Note 15(c) - broker compensation options: whether the Monte Carlo valuation model and number of simulations, coupled with the volatility assumption, are reasonable to estimate the fair value of these options.

Estimates

Information about assumptions and estimation uncertainties at September 30, 2022, that have a significant risk of resulting in a material adjustment to the carrying amounts of assets and liabilities in the next financial year is included in the following notes:

 

Note 9 - impairment test of intangible assets: key assumptions underlying recoverable amounts.

COVID-19 and Economic Uncertainties

While COVID-19 has not had a material impact to our business to date, the following is a summary of what we believe may impact our future business given the persistency of COVID-19: disruptions to business operations resulting from quarantines of employees, customers, manufacturers and other third-party service providers in areas affected by the outbreak; disruptions to business operations resulting from travel restrictions, including travel to industry tradeshows; and uncertainty around the duration of the virus' impact.
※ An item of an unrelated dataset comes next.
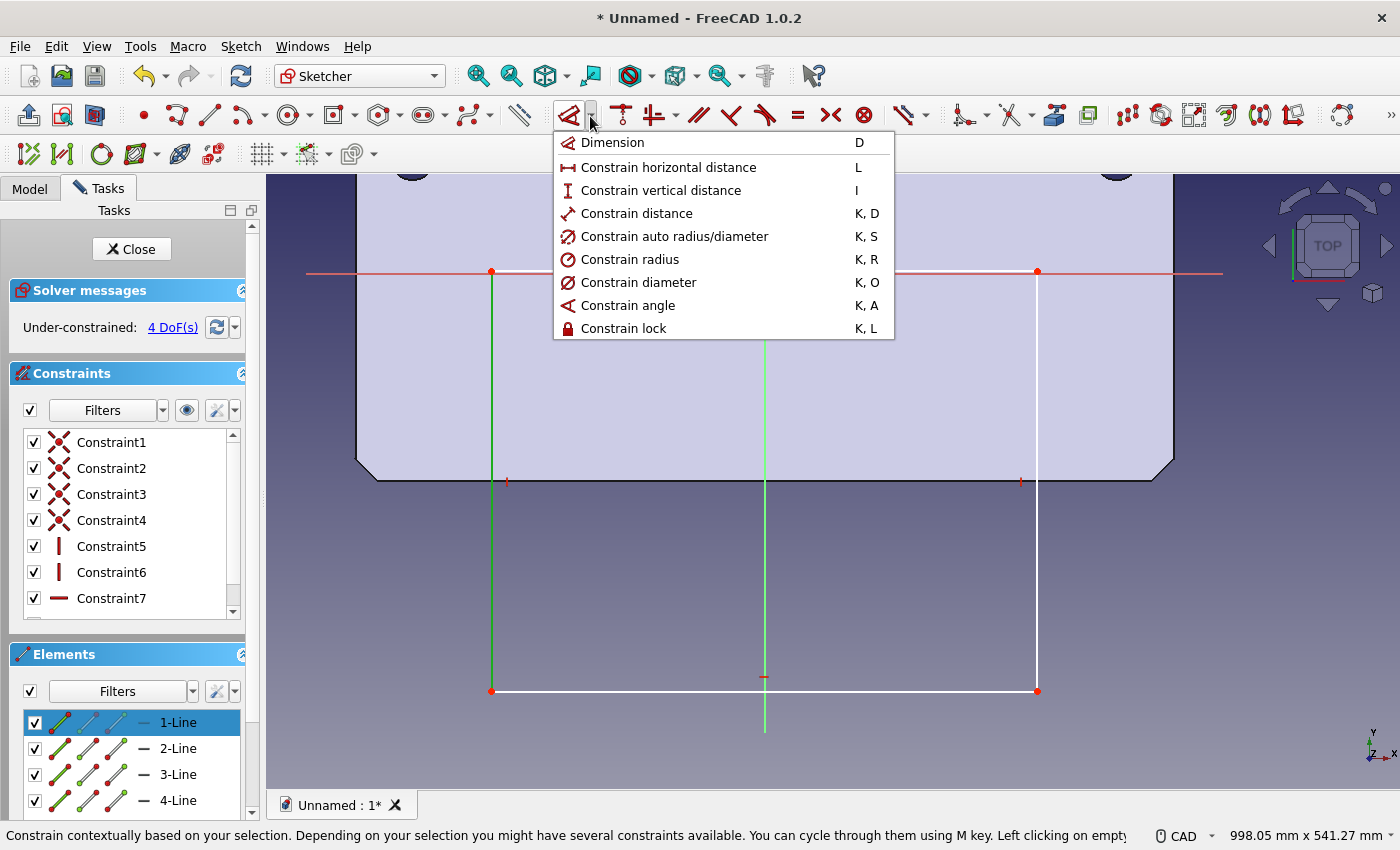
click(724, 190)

Despite the global vaccination efforts underway, the extent to which COVID-19 could impact our operations, financial condition, results of operations, and cash flows is highly uncertain and cannot be predicted. Negative financial results, uncertainties in the market, and a tightening of credit markets, caused by COVID-19, or a recession, could have a material adverse effect on our liquidity and ability to obtain financing in the future.